→ **What you have to do**: Below are entries; repeat exactly, and nothing else, the lines from the one holding "- car (182, 193, 204, 205)" through the one holding "#3 car <box>0,247,69,371</box>", inclusive. Leave the pictures out.

→ **Records for this exercise**:
== Segment start ==

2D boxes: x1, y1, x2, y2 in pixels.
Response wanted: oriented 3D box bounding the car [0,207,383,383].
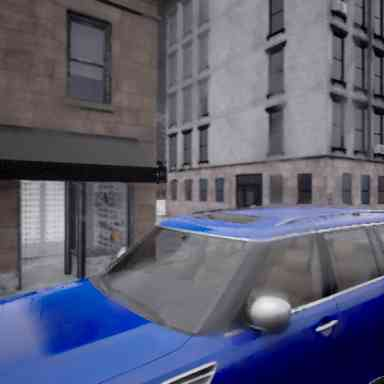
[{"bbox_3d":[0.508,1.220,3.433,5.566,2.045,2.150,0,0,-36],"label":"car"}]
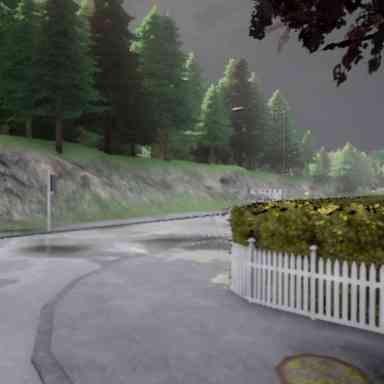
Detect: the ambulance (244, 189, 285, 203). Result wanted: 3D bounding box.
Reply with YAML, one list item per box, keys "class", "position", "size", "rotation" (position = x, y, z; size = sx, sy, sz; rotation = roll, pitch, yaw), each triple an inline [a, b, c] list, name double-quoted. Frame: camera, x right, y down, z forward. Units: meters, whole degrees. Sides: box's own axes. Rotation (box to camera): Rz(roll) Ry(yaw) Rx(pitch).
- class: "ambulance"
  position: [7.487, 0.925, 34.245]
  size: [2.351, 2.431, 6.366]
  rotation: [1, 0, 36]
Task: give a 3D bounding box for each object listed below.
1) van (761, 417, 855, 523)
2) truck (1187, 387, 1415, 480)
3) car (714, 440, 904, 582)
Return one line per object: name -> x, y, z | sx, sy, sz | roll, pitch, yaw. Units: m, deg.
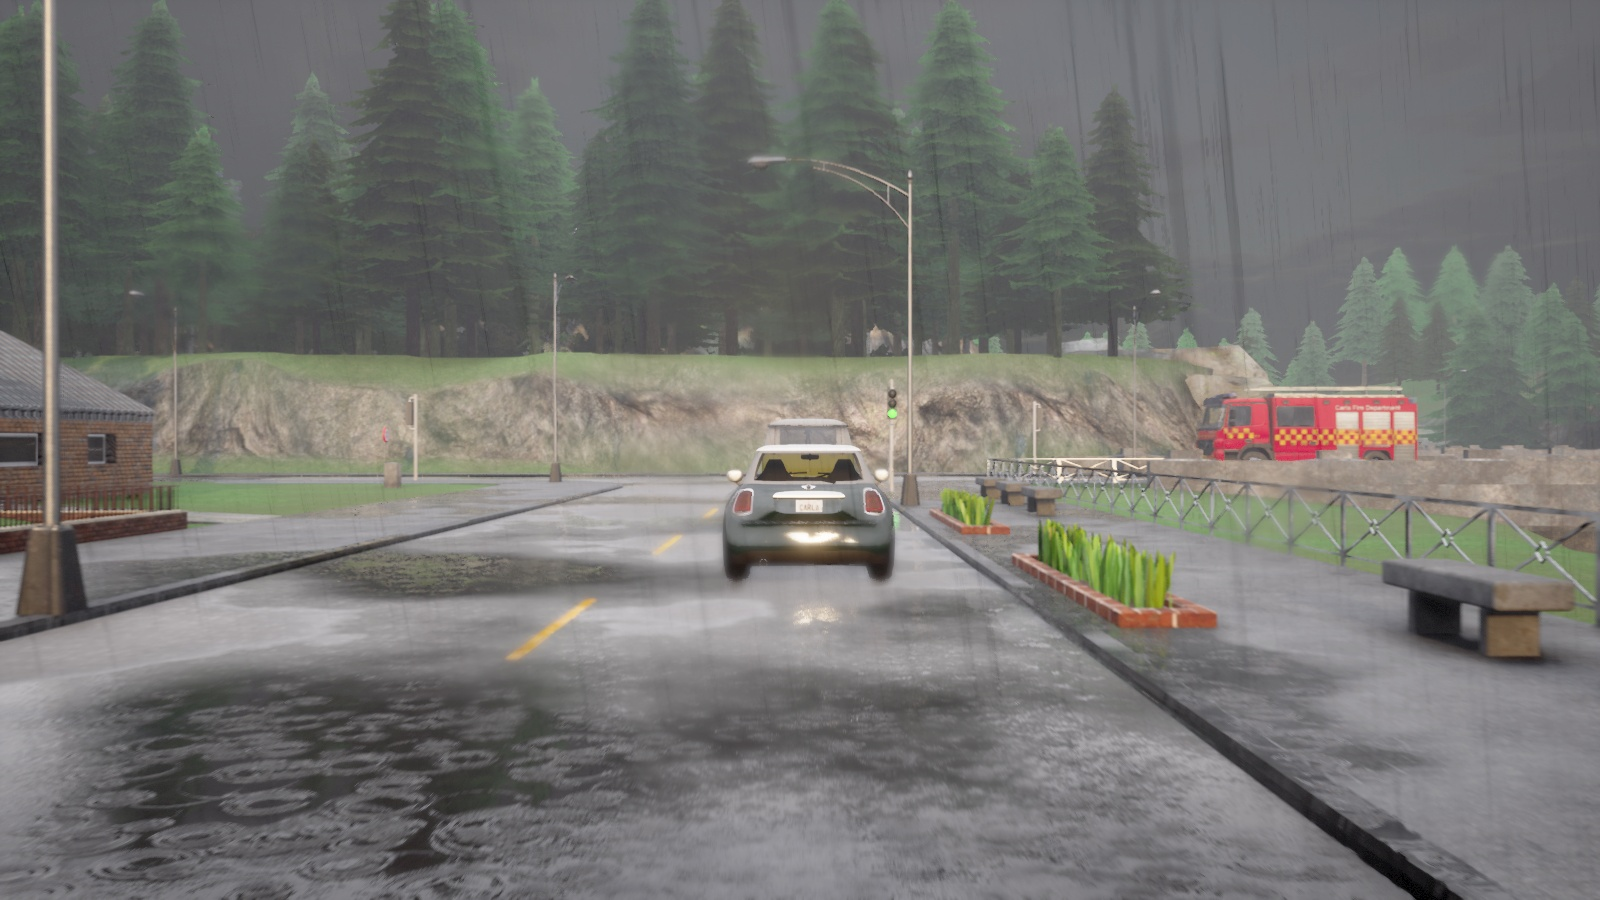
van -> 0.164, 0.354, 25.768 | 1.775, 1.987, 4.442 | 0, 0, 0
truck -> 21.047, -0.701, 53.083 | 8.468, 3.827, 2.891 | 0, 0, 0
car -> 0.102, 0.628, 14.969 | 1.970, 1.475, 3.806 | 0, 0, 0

== Segment end ==
== Segment start ==

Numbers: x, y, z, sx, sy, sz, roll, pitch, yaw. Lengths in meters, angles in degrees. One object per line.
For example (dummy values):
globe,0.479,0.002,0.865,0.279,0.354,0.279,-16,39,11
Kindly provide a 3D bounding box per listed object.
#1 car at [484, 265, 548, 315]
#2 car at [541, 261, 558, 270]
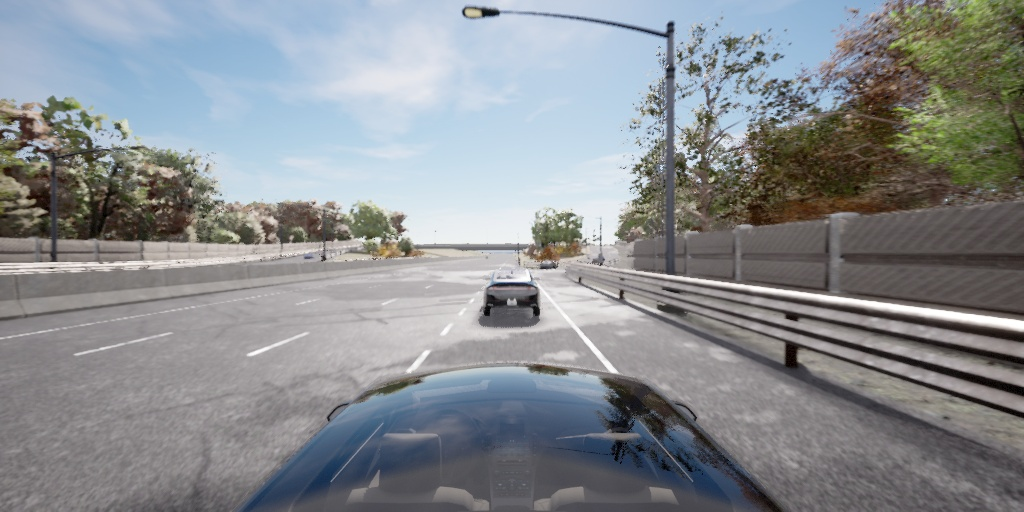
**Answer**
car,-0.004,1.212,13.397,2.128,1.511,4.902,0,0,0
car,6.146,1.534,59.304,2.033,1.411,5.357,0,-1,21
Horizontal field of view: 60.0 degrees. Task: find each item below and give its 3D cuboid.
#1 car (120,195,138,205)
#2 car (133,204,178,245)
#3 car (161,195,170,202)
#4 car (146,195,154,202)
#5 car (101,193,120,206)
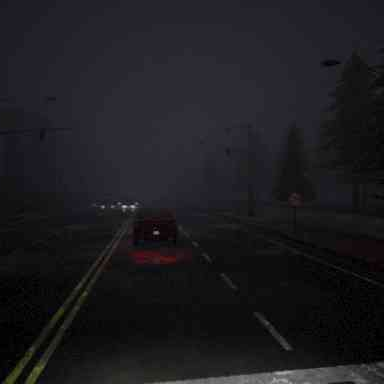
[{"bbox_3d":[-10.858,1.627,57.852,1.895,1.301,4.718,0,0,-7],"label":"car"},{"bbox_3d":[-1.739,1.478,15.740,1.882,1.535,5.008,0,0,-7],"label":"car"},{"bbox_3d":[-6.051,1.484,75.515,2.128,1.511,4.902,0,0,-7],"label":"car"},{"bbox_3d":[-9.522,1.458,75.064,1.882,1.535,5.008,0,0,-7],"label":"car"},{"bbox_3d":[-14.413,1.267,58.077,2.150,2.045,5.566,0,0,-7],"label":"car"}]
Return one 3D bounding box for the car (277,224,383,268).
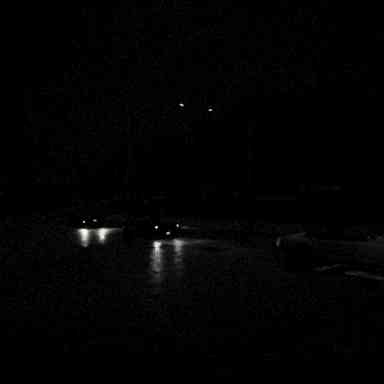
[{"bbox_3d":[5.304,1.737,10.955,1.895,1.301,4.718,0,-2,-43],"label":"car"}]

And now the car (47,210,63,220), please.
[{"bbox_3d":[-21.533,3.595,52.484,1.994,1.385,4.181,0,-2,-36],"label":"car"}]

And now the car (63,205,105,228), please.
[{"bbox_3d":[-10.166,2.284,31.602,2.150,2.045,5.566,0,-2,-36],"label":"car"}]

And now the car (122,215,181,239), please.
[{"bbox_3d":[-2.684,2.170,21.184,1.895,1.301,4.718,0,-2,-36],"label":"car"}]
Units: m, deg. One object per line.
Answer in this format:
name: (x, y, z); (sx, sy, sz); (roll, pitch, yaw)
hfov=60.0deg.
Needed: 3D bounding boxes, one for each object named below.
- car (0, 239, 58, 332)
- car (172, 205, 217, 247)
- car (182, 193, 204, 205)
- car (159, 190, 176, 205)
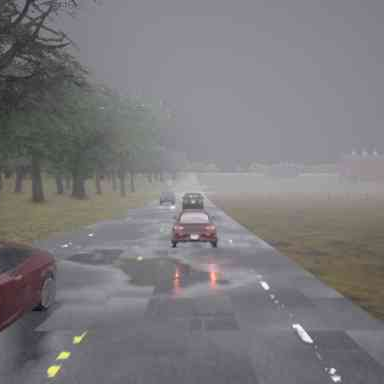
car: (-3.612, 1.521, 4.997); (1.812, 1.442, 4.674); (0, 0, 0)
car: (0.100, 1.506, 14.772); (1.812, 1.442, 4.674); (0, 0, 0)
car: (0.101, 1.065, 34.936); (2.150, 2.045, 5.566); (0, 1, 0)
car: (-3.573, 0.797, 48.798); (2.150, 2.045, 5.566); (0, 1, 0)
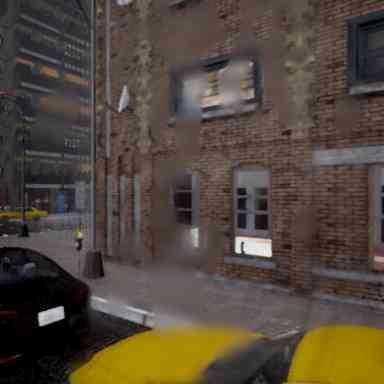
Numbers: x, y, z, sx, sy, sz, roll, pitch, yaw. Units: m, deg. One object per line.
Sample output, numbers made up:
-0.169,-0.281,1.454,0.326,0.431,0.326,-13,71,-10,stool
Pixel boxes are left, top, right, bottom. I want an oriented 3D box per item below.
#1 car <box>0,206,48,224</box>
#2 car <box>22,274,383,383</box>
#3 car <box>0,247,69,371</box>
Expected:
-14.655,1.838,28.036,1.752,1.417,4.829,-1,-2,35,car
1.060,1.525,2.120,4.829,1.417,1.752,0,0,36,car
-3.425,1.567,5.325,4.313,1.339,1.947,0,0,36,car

== Segment end ==
== Segment start ==

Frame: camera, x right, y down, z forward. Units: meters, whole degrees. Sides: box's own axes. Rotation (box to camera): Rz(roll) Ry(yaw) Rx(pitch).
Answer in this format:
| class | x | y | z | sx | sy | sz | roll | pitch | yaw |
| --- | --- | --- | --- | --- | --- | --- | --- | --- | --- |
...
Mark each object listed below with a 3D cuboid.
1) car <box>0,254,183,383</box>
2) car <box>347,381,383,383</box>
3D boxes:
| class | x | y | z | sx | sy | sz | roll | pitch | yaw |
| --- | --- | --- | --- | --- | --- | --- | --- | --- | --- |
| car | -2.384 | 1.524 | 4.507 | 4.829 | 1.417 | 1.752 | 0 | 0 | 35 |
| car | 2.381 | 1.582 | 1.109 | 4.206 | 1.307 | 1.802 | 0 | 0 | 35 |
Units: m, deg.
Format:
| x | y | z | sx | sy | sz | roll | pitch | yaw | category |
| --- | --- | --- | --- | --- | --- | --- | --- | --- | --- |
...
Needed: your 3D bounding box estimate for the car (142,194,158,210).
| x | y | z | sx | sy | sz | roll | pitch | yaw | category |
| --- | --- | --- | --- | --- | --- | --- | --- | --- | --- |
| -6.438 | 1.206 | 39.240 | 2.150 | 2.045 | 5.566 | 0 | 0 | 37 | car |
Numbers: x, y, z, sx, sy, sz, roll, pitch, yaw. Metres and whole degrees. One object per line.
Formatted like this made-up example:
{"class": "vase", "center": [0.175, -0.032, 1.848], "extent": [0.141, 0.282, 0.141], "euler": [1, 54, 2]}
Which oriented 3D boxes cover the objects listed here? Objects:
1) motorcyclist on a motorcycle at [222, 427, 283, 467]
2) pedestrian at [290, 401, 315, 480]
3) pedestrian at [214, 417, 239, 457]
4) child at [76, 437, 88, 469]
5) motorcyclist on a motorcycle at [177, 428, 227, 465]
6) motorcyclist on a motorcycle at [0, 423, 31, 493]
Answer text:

== Segment end ==

→ **Your response**:
- car (182, 193, 204, 205)
- car (159, 190, 176, 205)
car: (-3.612, 1.521, 4.997); (1.812, 1.442, 4.674); (0, 0, 0)
car: (0.100, 1.506, 14.772); (1.812, 1.442, 4.674); (0, 0, 0)
car: (0.101, 1.065, 34.936); (2.150, 2.045, 5.566); (0, 1, 0)
car: (-3.573, 0.797, 48.798); (2.150, 2.045, 5.566); (0, 1, 0)
Numbers: x, y, z, sx, sy, sz, roll, pitch, yaw. Units: m, deg. One object per line.
Sample output, numbers made up:
-0.169,-0.281,1.454,0.326,0.431,0.326,-13,71,-10,stool
Pixel boxes are left, top, right, bottom. I want an oriented 3D box per item below.
#1 car <box>0,206,48,224</box>
#2 car <box>22,274,383,383</box>
#3 car <box>0,247,69,371</box>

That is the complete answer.